REPUBLIC OF SOUTH AFRICA



IN THE HIGH COURT OF SOUTH AFRICA

(WESTERN CAPE HIGH COURT, CAPE TOWN)


Coram: Hlophe, JP et Saba, AJ


CASE NO: A130/11


In the matter between:

JORDAN BLAKE PHILLIPS …........................................................................Appellant

and


THE STATE ….........................................................................................Respondent



Judgment delivered on this 3rd day of June 2011



SABA, AJ


[1] This is an appeal against sentence imposed by the magistrate sitting in Cape Town on 5 March 2010. The appellant was charged with the contravention of Section 65(1) (a)/ (b) read with Sections 1. 65(3). 65(4). 65(8), 65(9). 69(1), 73 and 89 of the National Road Traffic Act 93 of 1996 ("The Act") - in that on 21 July 2009 he drove a motor vehicle at Kloofneck Street. Cape Town while under the influence of intoxicating liquor.




[2] The facts giving rise to this appeal may be summarized as follows: On 19 January 2010, the appellant, who was assisted by a legal representative, Mr Mihalik, pleaded guilty to driving a motor vehicle while under the influence of intoxicating liquor and in contravention of section 65(1 )(a) of the Act. He was convicted on his plea of guilty. Appellant was sentenced to three years correctional supervision in terms of section 276(1 )(h) of the Criminal Procedure Act 51 of 1977. With the leave of the court a quo granted on 13 April 2010. the appellant now appeals against sentence.

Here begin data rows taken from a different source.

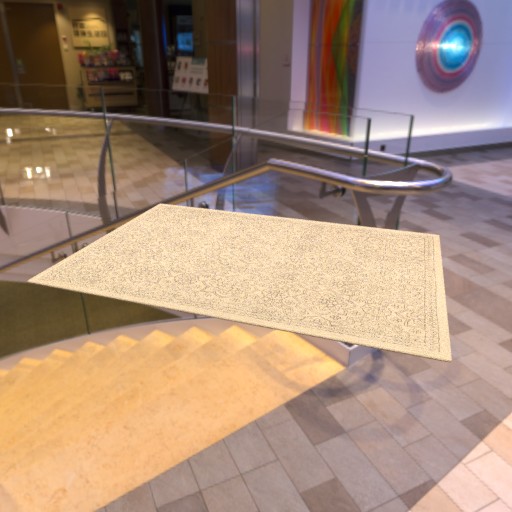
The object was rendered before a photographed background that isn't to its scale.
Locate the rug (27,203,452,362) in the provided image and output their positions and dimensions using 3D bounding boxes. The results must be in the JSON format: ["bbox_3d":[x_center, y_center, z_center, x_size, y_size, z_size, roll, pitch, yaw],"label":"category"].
[{"bbox_3d":[0.000,0.000,2.308,1.829,0.010,1.219,8,26,17],"label":"rug"}]
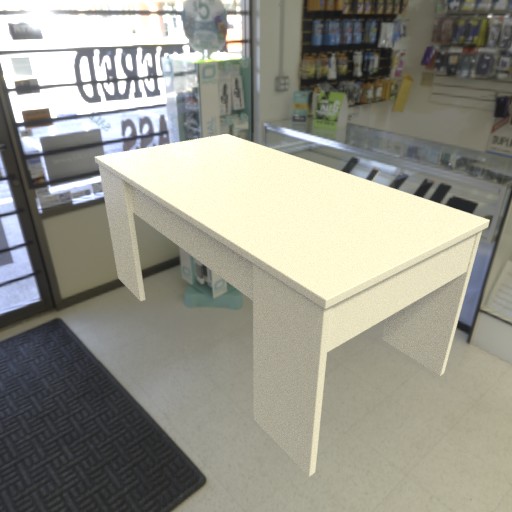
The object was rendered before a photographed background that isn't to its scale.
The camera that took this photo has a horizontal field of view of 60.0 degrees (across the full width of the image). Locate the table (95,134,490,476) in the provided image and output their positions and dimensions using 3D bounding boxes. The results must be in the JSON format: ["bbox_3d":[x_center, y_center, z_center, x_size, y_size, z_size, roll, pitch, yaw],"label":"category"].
[{"bbox_3d":[0.000,0.000,1.271,0.500,0.440,1.000,-20,34,-33],"label":"table"}]
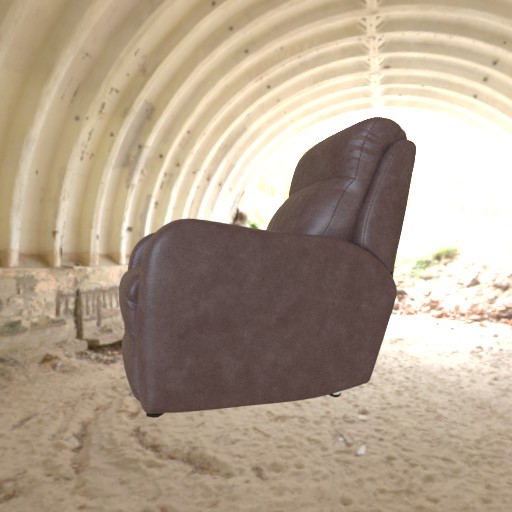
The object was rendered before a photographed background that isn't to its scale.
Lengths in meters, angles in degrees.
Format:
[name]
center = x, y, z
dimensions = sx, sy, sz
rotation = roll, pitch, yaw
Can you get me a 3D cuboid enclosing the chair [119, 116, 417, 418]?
[chair]
center = 0.000, 0.000, 1.816
dimensions = 1.067, 1.067, 0.865
rotation = 0, 0, -19
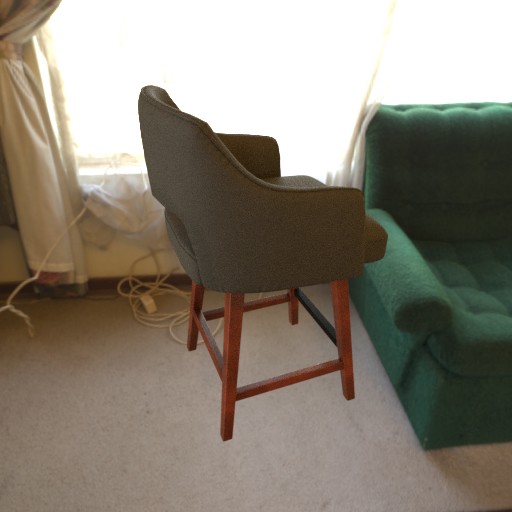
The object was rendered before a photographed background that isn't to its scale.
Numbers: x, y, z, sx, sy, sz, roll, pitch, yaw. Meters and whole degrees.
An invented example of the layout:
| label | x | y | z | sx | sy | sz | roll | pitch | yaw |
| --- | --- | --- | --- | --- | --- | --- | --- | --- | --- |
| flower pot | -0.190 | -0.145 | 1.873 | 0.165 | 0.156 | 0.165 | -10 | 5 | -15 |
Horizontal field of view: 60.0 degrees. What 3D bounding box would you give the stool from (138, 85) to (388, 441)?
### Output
| label | x | y | z | sx | sy | sz | roll | pitch | yaw |
| --- | --- | --- | --- | --- | --- | --- | --- | --- | --- |
| stool | 0.000 | 0.000 | 1.266 | 0.558 | 0.912 | 0.548 | -11 | 31 | -19 |
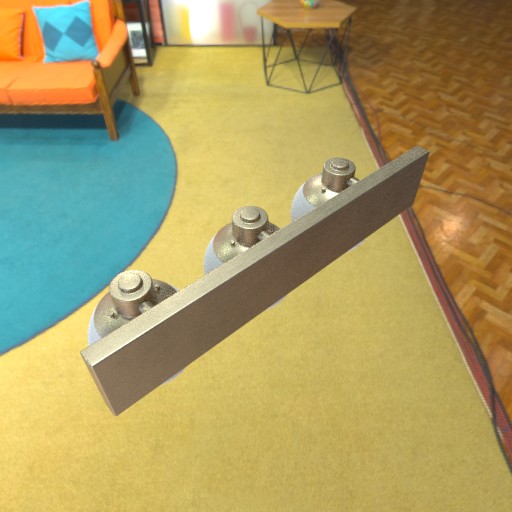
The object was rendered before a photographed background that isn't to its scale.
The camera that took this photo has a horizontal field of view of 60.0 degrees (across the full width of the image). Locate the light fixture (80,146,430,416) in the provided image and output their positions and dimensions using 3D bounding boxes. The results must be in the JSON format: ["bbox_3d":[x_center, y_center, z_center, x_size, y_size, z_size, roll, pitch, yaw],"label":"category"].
[{"bbox_3d":[0.000,0.000,0.848,0.721,0.263,0.218,-32,53,-28],"label":"light fixture"}]
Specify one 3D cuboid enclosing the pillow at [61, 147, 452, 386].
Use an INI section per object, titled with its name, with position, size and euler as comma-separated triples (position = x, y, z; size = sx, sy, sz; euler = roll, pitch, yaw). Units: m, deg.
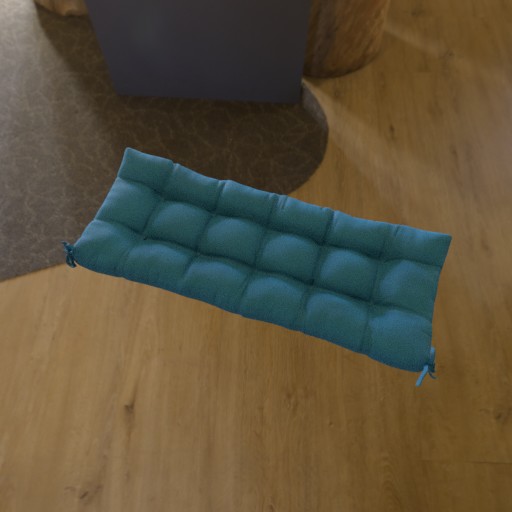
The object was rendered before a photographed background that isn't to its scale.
[pillow]
position = 0.000, 0.000, 1.387
size = 1.194, 0.174, 0.511
euler = 16, 65, 8
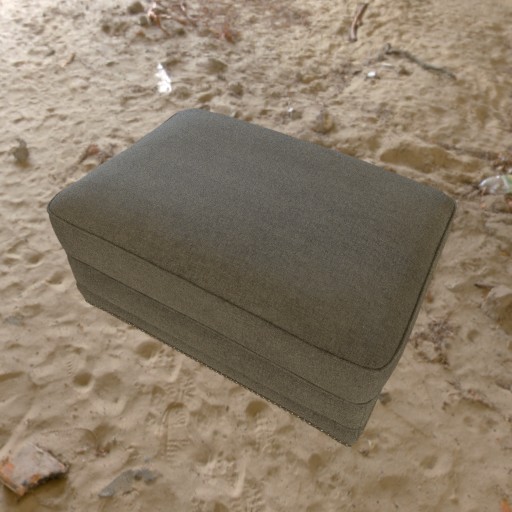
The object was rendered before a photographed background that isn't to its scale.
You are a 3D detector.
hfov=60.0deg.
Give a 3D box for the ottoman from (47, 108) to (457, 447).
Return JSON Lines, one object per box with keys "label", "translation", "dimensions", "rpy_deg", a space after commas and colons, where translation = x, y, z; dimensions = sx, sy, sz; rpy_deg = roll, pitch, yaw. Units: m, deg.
{"label": "ottoman", "translation": [0.000, 0.000, 1.121], "dimensions": [0.813, 0.457, 0.561], "rpy_deg": [23, 50, 21]}
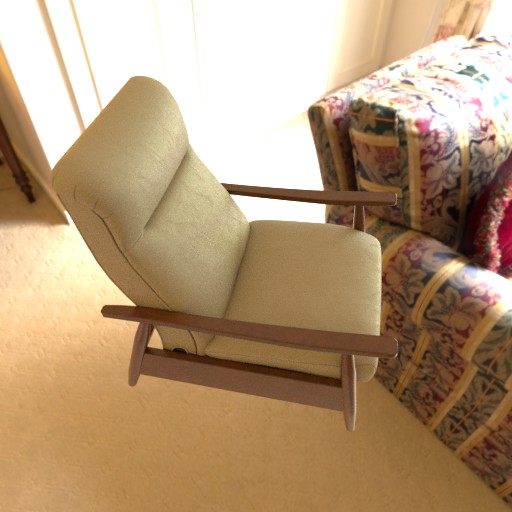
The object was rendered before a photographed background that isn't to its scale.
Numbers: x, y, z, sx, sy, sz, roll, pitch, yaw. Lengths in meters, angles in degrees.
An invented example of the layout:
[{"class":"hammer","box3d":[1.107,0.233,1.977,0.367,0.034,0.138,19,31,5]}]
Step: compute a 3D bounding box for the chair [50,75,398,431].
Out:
[{"class":"chair","box3d":[0.000,0.000,1.683,1.014,1.082,0.762,9,48,8]}]
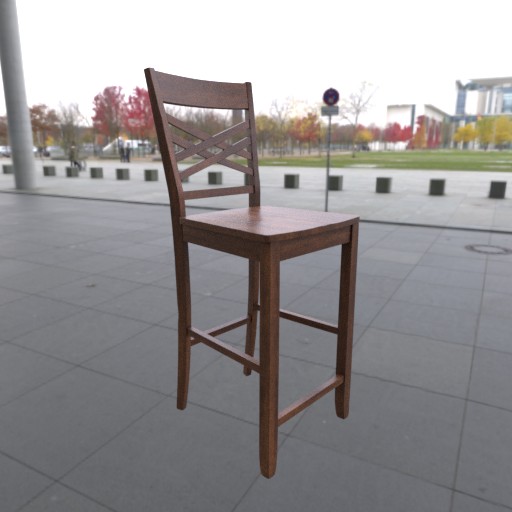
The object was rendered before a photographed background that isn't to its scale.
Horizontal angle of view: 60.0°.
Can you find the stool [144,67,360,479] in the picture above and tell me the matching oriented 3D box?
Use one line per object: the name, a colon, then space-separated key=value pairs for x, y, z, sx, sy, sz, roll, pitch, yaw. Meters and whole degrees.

[3] The events leading to the arrest of the appellant are in the main not in dispute. On 21 September 2009 the appellant drove a Volkswagen Polo at Kloof Nek Drive, a public road in Cape Town while under the influence of intoxicating liquor and his car collided with an oncoming vehicle. In mitigation of sentence, it was placed on record that the appellant was a 21 year old first offender who. shortly after his release from custody in connection with this case, submitted himself to a therapeutic programme concentrating on substance abuse. Appellant was an in patient at Stepping Stones Rehabilitation Centre for four weeks. The matter was then postponed for Correctional and Probation Officer's reports to be obtained On 5 March 2010 both reports were completed and available before Court. The Probation Officer had recommended that a fine should be imposed; whereas the Correctional Officer had recommended a sentence of Correctional Supervision in terms of section 276(1 )(h) of the Criminal Procedure Act.


[4] The following excerpt is the essential part of what happened before sentence was imposed:


"Court : I take it that you are in receipt of the probation officer's and the correctional officers reports, the copies of which you received Mr Mihalik?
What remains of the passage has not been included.